(Data entries)
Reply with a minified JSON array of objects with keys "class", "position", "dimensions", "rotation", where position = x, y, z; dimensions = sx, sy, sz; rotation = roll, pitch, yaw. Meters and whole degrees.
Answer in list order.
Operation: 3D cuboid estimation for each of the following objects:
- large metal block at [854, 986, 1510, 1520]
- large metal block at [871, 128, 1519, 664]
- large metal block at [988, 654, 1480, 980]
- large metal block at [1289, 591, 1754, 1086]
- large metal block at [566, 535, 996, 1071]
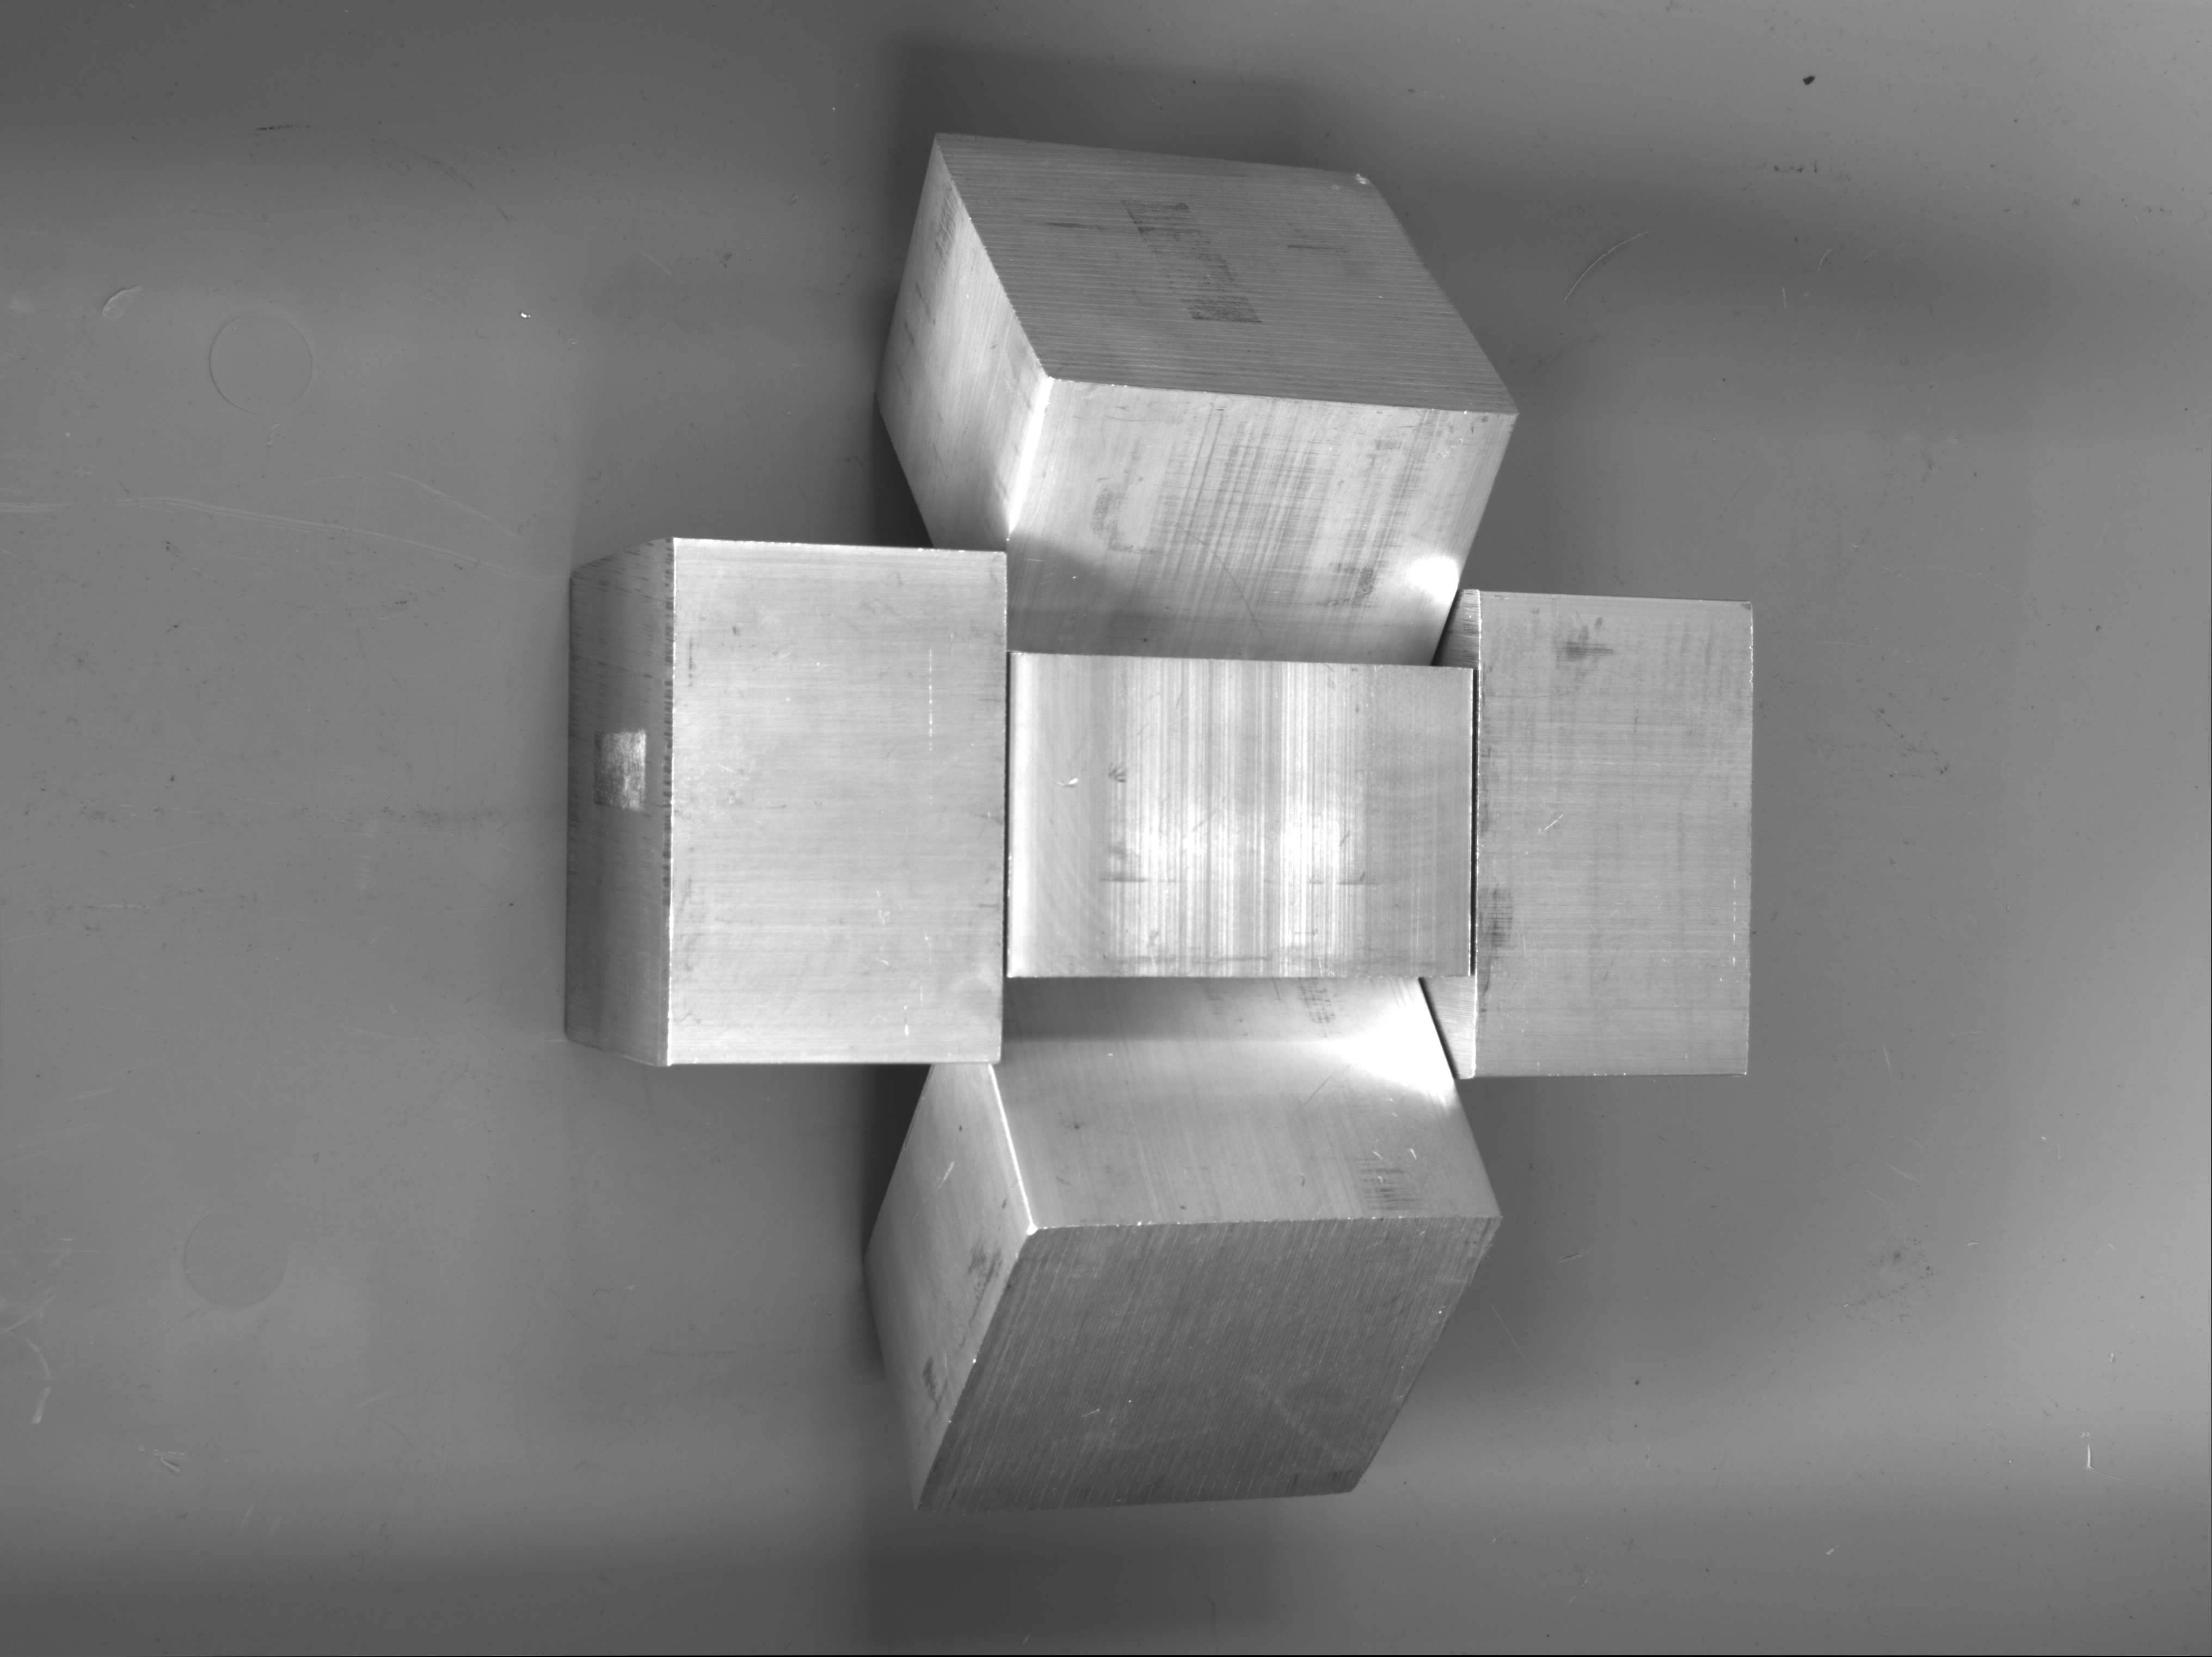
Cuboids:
[{"class":"large metal block","position":[0.010,0.070,0.609],"dimensions":[0.080,0.080,0.050],"rotation":[1,48,-21]},{"class":"large metal block","position":[0.012,-0.072,0.611],"dimensions":[0.080,0.080,0.050],"rotation":[2,127,-20]},{"class":"large metal block","position":[0.009,-0.001,0.616],"dimensions":[0.080,0.080,0.050],"rotation":[1,90,-20]},{"class":"large metal block","position":[0.070,0.002,0.638],"dimensions":[0.050,0.080,0.080],"rotation":[1,90,-20]},{"class":"large metal block","position":[-0.054,-0.003,0.593],"dimensions":[0.050,0.080,0.080],"rotation":[1,90,-20]}]

▶ **PROBLEM TO WORK ON**: Give back, exactly and with nothing added, the lines from the line with "- large metal block at [854, 986, 1510, 1520]" through the final line of the data, both included; leave pictures out.

▶ **RESPONSE TO THIS TASK**:
- large metal block at [854, 986, 1510, 1520]
- large metal block at [871, 128, 1519, 664]
- large metal block at [988, 654, 1480, 980]
- large metal block at [1289, 591, 1754, 1086]
- large metal block at [566, 535, 996, 1071]
Cuboids:
[{"class":"large metal block","position":[0.010,0.070,0.609],"dimensions":[0.080,0.080,0.050],"rotation":[1,48,-21]},{"class":"large metal block","position":[0.012,-0.072,0.611],"dimensions":[0.080,0.080,0.050],"rotation":[2,127,-20]},{"class":"large metal block","position":[0.009,-0.001,0.616],"dimensions":[0.080,0.080,0.050],"rotation":[1,90,-20]},{"class":"large metal block","position":[0.070,0.002,0.638],"dimensions":[0.050,0.080,0.080],"rotation":[1,90,-20]},{"class":"large metal block","position":[-0.054,-0.003,0.593],"dimensions":[0.050,0.080,0.080],"rotation":[1,90,-20]}]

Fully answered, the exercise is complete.